**Problem to work on:**
What are the lines below, starting at the line containing "Where should I click to: Locate" and ending at the line containing "The width and height of the screenshot is (924, 1307)."? Write them out exactly, ends included, without pictures.

Data items
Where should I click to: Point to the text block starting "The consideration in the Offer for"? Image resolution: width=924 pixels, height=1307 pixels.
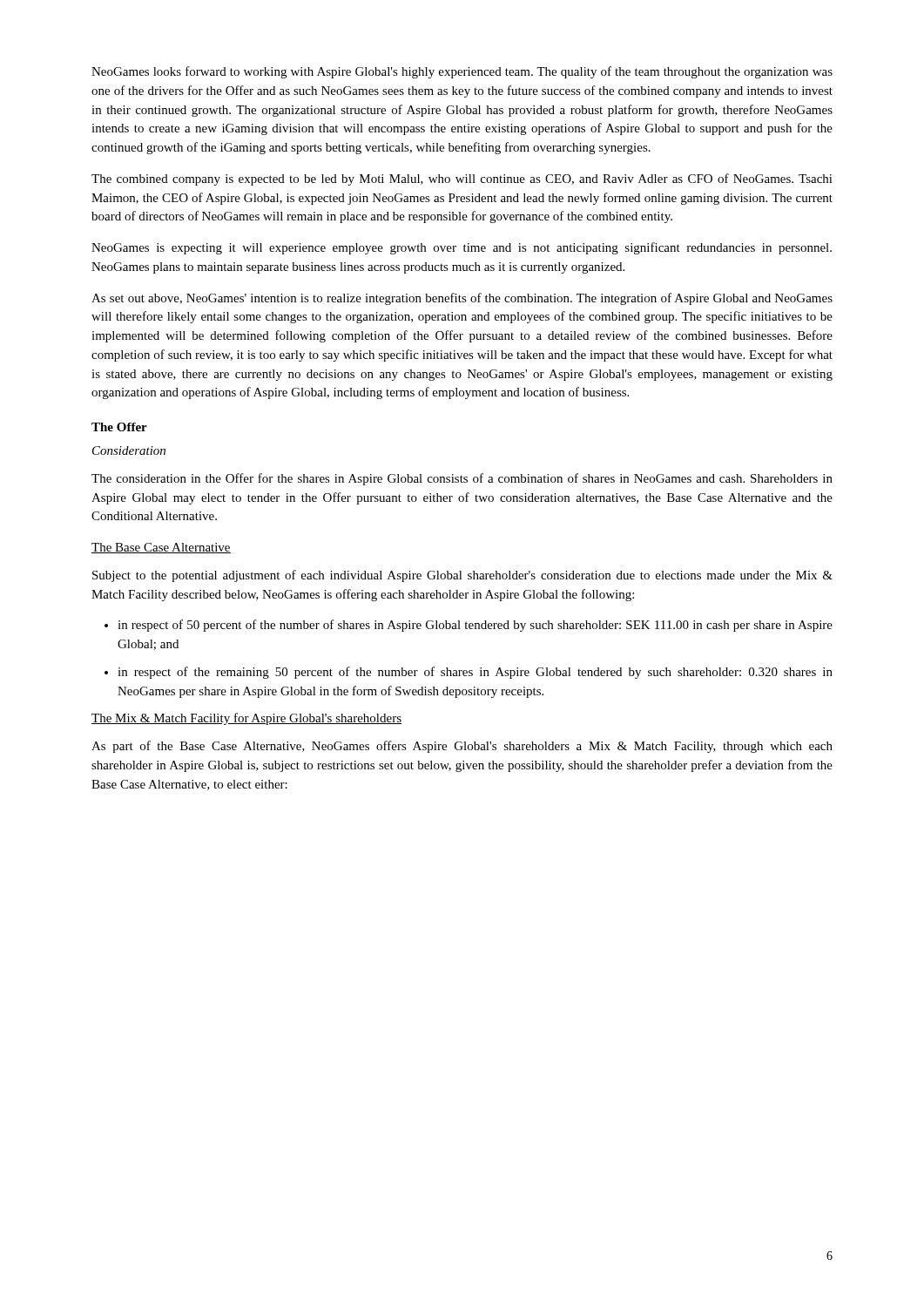tap(462, 498)
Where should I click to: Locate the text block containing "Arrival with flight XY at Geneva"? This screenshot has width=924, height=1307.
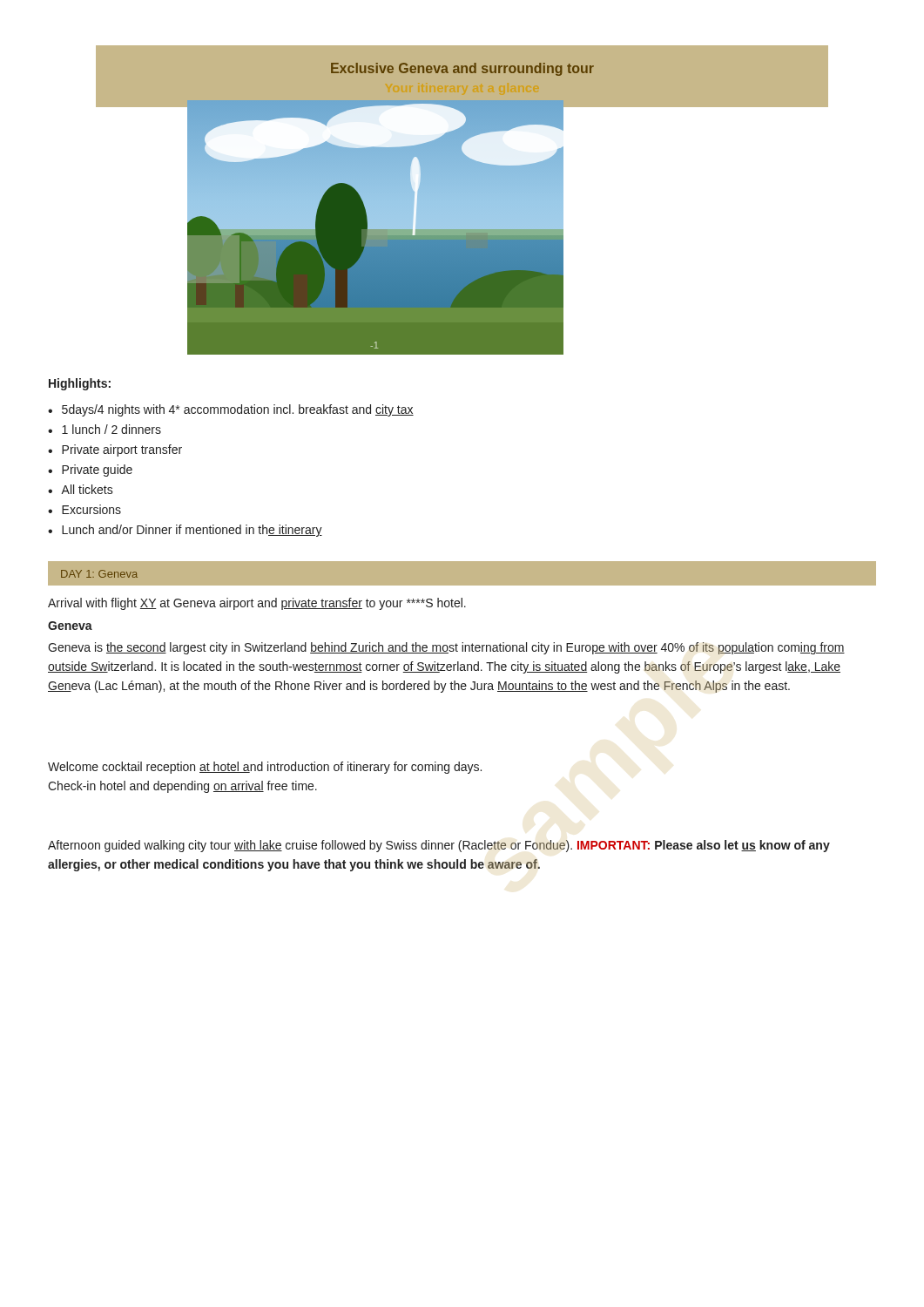click(x=462, y=645)
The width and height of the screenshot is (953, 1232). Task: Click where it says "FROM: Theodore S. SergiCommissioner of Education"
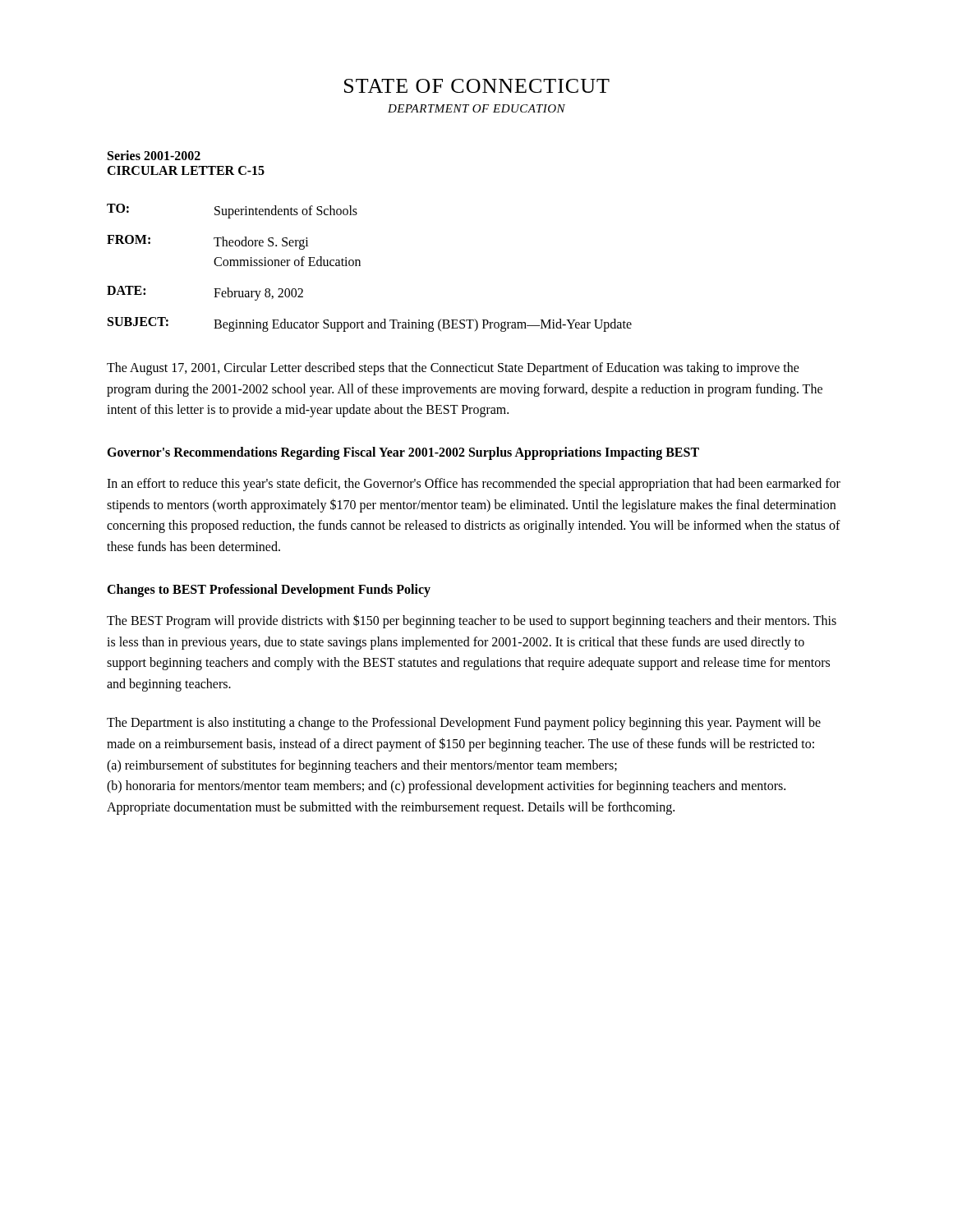234,252
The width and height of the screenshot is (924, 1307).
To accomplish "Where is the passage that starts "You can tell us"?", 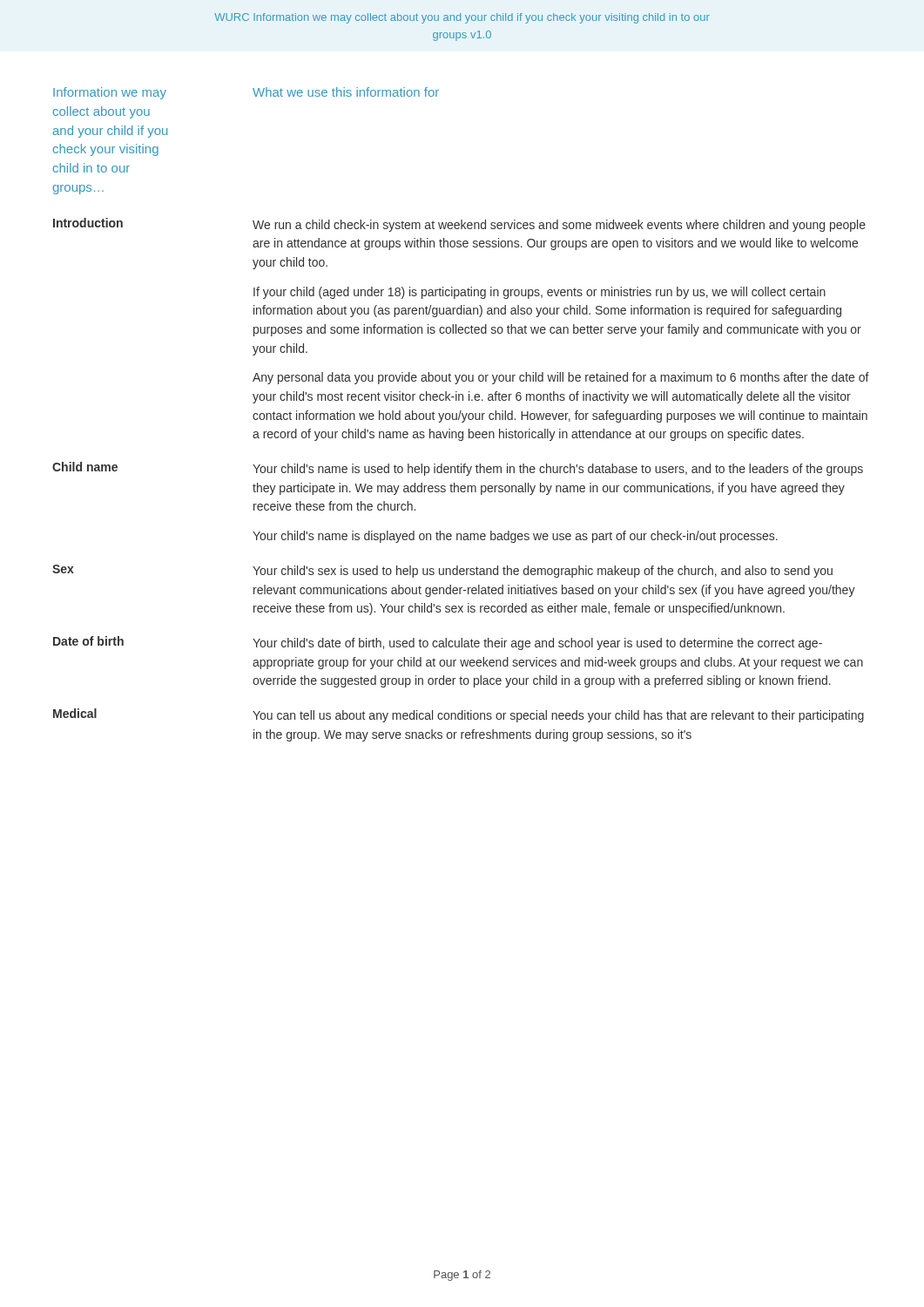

**Written solution:**
Where should I click to: Locate the text block containing "Arrival with flight XY at Geneva"? This screenshot has width=924, height=1307.
click(x=462, y=645)
The width and height of the screenshot is (953, 1232). Task: Click where it says "FROM: Theodore S. SergiCommissioner of Education"
234,252
The width and height of the screenshot is (924, 1307).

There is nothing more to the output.